▸ Task requirements
Without pictures, retype the following entries exactly.

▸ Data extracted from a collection
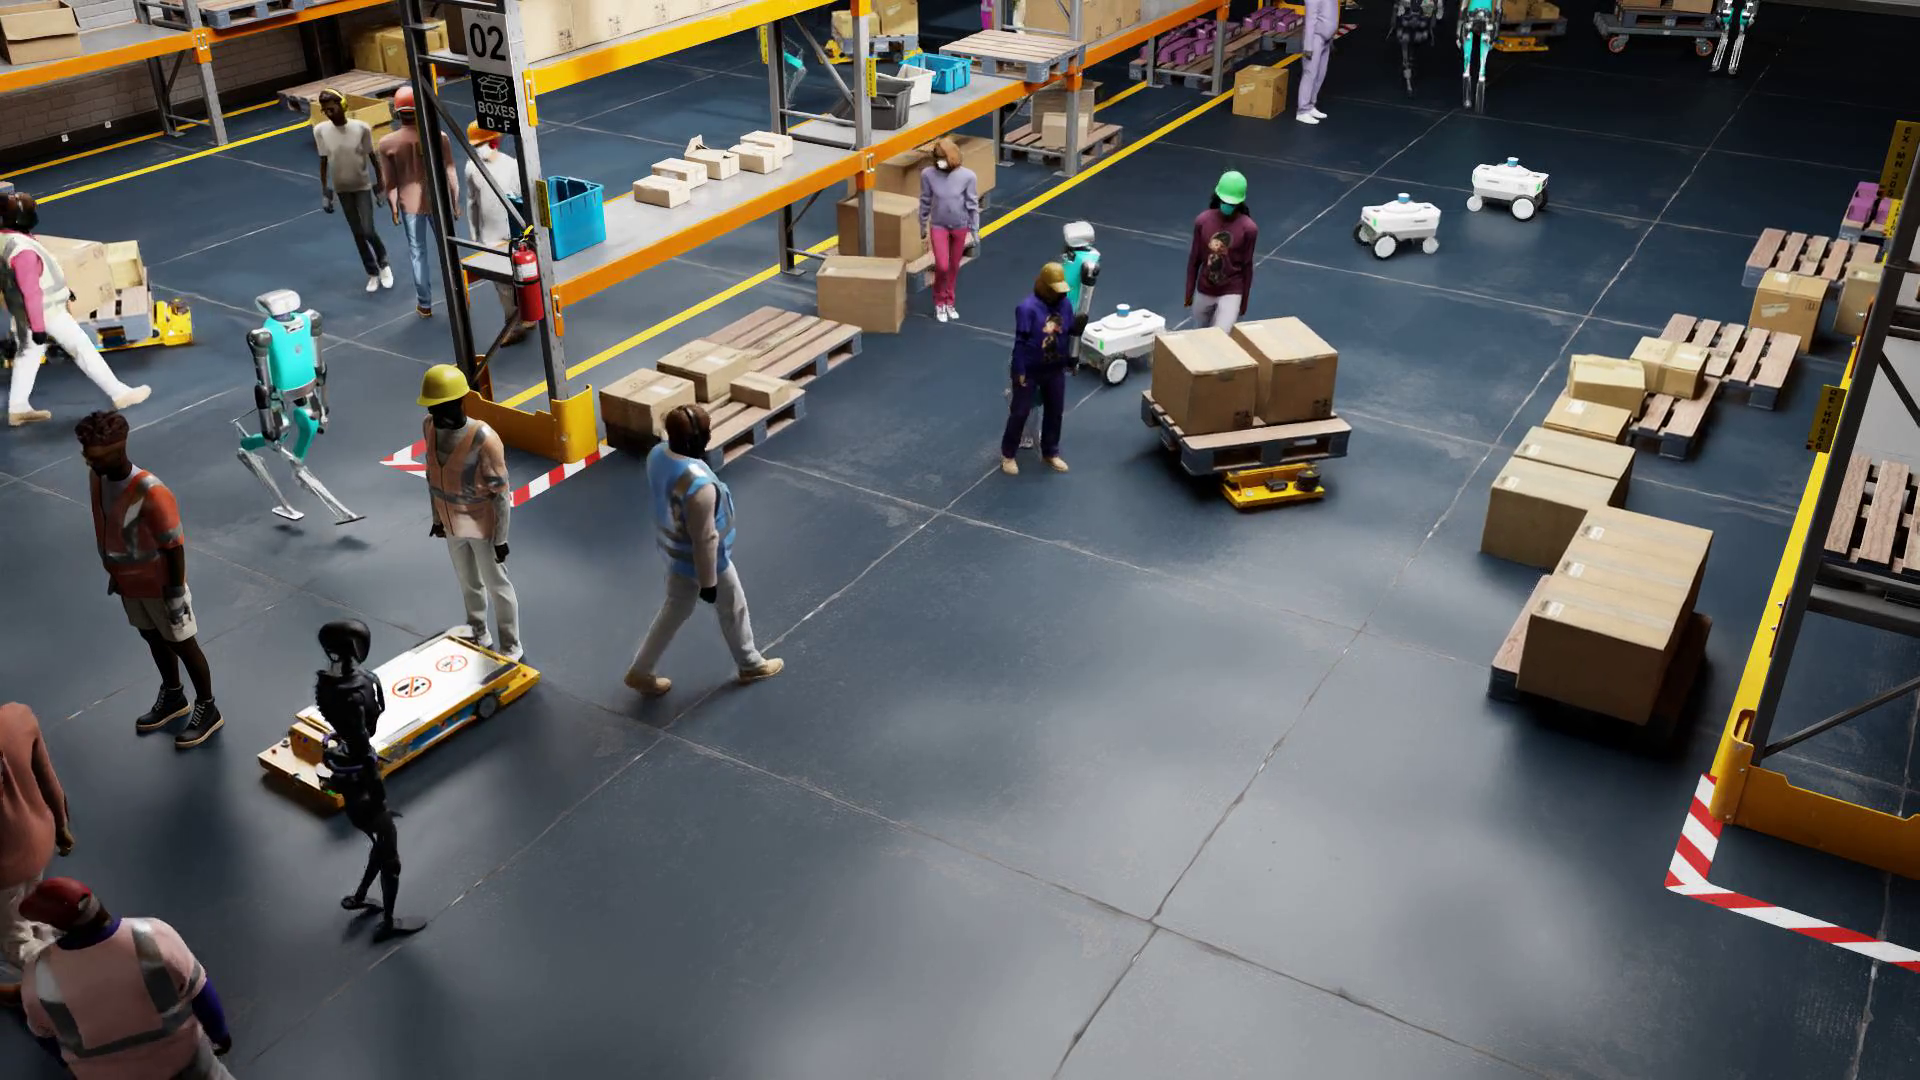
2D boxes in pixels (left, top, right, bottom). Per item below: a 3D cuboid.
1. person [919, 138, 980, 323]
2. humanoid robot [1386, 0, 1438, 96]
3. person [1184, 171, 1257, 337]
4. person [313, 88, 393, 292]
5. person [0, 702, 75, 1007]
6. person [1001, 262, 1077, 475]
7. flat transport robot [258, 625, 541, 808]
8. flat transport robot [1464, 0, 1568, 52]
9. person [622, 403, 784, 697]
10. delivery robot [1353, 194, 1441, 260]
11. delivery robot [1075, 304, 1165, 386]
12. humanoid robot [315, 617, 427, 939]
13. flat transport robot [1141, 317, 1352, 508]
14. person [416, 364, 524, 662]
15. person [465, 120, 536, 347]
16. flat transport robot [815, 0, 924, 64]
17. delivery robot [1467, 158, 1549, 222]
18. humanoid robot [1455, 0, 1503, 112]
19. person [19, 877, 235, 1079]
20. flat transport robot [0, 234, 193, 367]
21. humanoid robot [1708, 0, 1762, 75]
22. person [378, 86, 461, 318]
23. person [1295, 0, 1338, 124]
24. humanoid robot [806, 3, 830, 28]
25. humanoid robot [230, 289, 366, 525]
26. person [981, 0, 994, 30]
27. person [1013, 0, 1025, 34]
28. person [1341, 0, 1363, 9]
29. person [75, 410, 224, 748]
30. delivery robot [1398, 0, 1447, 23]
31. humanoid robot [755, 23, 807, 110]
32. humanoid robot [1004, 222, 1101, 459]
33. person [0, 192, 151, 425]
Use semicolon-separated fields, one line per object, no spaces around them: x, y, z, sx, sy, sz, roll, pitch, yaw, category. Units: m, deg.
-0.090;-2.648;14.259;0.485;1.608;0.451;-5;30;-8;person
5.707;-6.445;20.985;0.603;1.656;0.713;4;30;8;humanoid robot
2.009;-1.962;12.756;0.526;1.906;0.866;12;32;20;person
-5.410;-3.100;14.825;0.507;1.844;0.428;-2;30;-4;person
-3.923;1.308;6.913;0.818;1.969;0.614;6;30;10;person
0.567;-1.201;11.698;0.562;1.603;0.466;-15;33;-24;person
-3.096;0.950;9.261;0.659;0.231;1.431;18;34;29;flat transport robot
7.780;-7.195;23.669;0.659;0.231;1.431;-3;30;-5;flat transport robot
-1.496;0.078;9.251;0.893;1.811;0.633;-19;35;-30;person
4.214;-3.033;16.012;0.768;0.591;0.499;-5;30;-9;delivery robot
1.289;-1.603;13.500;0.793;0.608;0.499;-19;34;-30;delivery robot
-2.743;1.095;7.592;0.355;1.657;0.610;-14;32;-23;humanoid robot
2.043;-0.660;12.109;0.659;0.231;1.431;-8;30;-13;flat transport robot
-2.789;-0.107;9.446;0.585;1.928;0.366;17;34;27;person
-3.786;-2.583;13.903;0.654;1.858;0.656;0;29;1;person
-1.237;-6.725;22.838;1.431;0.231;0.659;-7;30;-11;flat transport robot
5.622;-3.624;17.034;0.739;0.566;0.499;16;33;27;delivery robot
6.296;-6.033;20.221;0.531;1.893;0.690;5;30;8;humanoid robot
-3.066;1.830;6.233;0.634;1.701;0.654;-13;32;-21;person
-7.278;-1.756;14.048;1.431;0.231;0.659;-12;32;-20;flat transport robot
10.112;-6.917;21.552;0.533;1.675;0.735;16;33;27;humanoid robot
-4.603;-2.895;14.311;0.620;1.992;0.392;-11;31;-18;person
4.270;-5.918;19.769;0.399;1.887;0.651;17;34;27;person
-2.063;-8.348;24.283;0.591;1.645;0.368;6;30;10;humanoid robot
-4.446;-0.836;10.913;0.969;1.729;0.544;16;33;25;humanoid robot
0.412;-6.375;20.613;0.318;1.846;0.525;3;30;5;person
0.949;-7.365;22.487;0.578;1.730;0.529;-15;33;-24;person
6.025;-9.033;25.411;0.324;1.751;0.561;-10;31;-17;person
-4.336;0.203;8.859;0.602;1.966;0.367;17;34;27;person
6.902;-8.031;24.862;0.499;0.600;0.802;-10;31;-17;delivery robot
-2.181;-6.020;20.177;0.782;1.847;0.542;-14;32;-23;humanoid robot
0.599;-1.340;11.898;0.771;1.852;0.541;-6;30;-11;humanoid robot
-6.873;-1.751;12.502;1.000;1.780;0.619;-26;38;-38;person

▸ Response
2D boxes in pixels (left, top, right, bottom). Per item below: a 3D cuboid.
1. person [919, 138, 980, 323]
2. humanoid robot [1386, 0, 1438, 96]
3. person [1184, 171, 1257, 337]
4. person [313, 88, 393, 292]
5. person [0, 702, 75, 1007]
6. person [1001, 262, 1077, 475]
7. flat transport robot [258, 625, 541, 808]
8. flat transport robot [1464, 0, 1568, 52]
9. person [622, 403, 784, 697]
10. delivery robot [1353, 194, 1441, 260]
11. delivery robot [1075, 304, 1165, 386]
12. humanoid robot [315, 617, 427, 939]
13. flat transport robot [1141, 317, 1352, 508]
14. person [416, 364, 524, 662]
15. person [465, 120, 536, 347]
16. flat transport robot [815, 0, 924, 64]
17. delivery robot [1467, 158, 1549, 222]
18. humanoid robot [1455, 0, 1503, 112]
19. person [19, 877, 235, 1079]
20. flat transport robot [0, 234, 193, 367]
21. humanoid robot [1708, 0, 1762, 75]
22. person [378, 86, 461, 318]
23. person [1295, 0, 1338, 124]
24. humanoid robot [806, 3, 830, 28]
25. humanoid robot [230, 289, 366, 525]
26. person [981, 0, 994, 30]
27. person [1013, 0, 1025, 34]
28. person [1341, 0, 1363, 9]
29. person [75, 410, 224, 748]
30. delivery robot [1398, 0, 1447, 23]
31. humanoid robot [755, 23, 807, 110]
32. humanoid robot [1004, 222, 1101, 459]
33. person [0, 192, 151, 425]
Use semicolon-separated fields, one line per object, no spaces around them: x, y, z, sx, sy, sz, roll, pitch, yaw, category. Units: m, deg.
-0.090;-2.648;14.259;0.485;1.608;0.451;-5;30;-8;person
5.707;-6.445;20.985;0.603;1.656;0.713;4;30;8;humanoid robot
2.009;-1.962;12.756;0.526;1.906;0.866;12;32;20;person
-5.410;-3.100;14.825;0.507;1.844;0.428;-2;30;-4;person
-3.923;1.308;6.913;0.818;1.969;0.614;6;30;10;person
0.567;-1.201;11.698;0.562;1.603;0.466;-15;33;-24;person
-3.096;0.950;9.261;0.659;0.231;1.431;18;34;29;flat transport robot
7.780;-7.195;23.669;0.659;0.231;1.431;-3;30;-5;flat transport robot
-1.496;0.078;9.251;0.893;1.811;0.633;-19;35;-30;person
4.214;-3.033;16.012;0.768;0.591;0.499;-5;30;-9;delivery robot
1.289;-1.603;13.500;0.793;0.608;0.499;-19;34;-30;delivery robot
-2.743;1.095;7.592;0.355;1.657;0.610;-14;32;-23;humanoid robot
2.043;-0.660;12.109;0.659;0.231;1.431;-8;30;-13;flat transport robot
-2.789;-0.107;9.446;0.585;1.928;0.366;17;34;27;person
-3.786;-2.583;13.903;0.654;1.858;0.656;0;29;1;person
-1.237;-6.725;22.838;1.431;0.231;0.659;-7;30;-11;flat transport robot
5.622;-3.624;17.034;0.739;0.566;0.499;16;33;27;delivery robot
6.296;-6.033;20.221;0.531;1.893;0.690;5;30;8;humanoid robot
-3.066;1.830;6.233;0.634;1.701;0.654;-13;32;-21;person
-7.278;-1.756;14.048;1.431;0.231;0.659;-12;32;-20;flat transport robot
10.112;-6.917;21.552;0.533;1.675;0.735;16;33;27;humanoid robot
-4.603;-2.895;14.311;0.620;1.992;0.392;-11;31;-18;person
4.270;-5.918;19.769;0.399;1.887;0.651;17;34;27;person
-2.063;-8.348;24.283;0.591;1.645;0.368;6;30;10;humanoid robot
-4.446;-0.836;10.913;0.969;1.729;0.544;16;33;25;humanoid robot
0.412;-6.375;20.613;0.318;1.846;0.525;3;30;5;person
0.949;-7.365;22.487;0.578;1.730;0.529;-15;33;-24;person
6.025;-9.033;25.411;0.324;1.751;0.561;-10;31;-17;person
-4.336;0.203;8.859;0.602;1.966;0.367;17;34;27;person
6.902;-8.031;24.862;0.499;0.600;0.802;-10;31;-17;delivery robot
-2.181;-6.020;20.177;0.782;1.847;0.542;-14;32;-23;humanoid robot
0.599;-1.340;11.898;0.771;1.852;0.541;-6;30;-11;humanoid robot
-6.873;-1.751;12.502;1.000;1.780;0.619;-26;38;-38;person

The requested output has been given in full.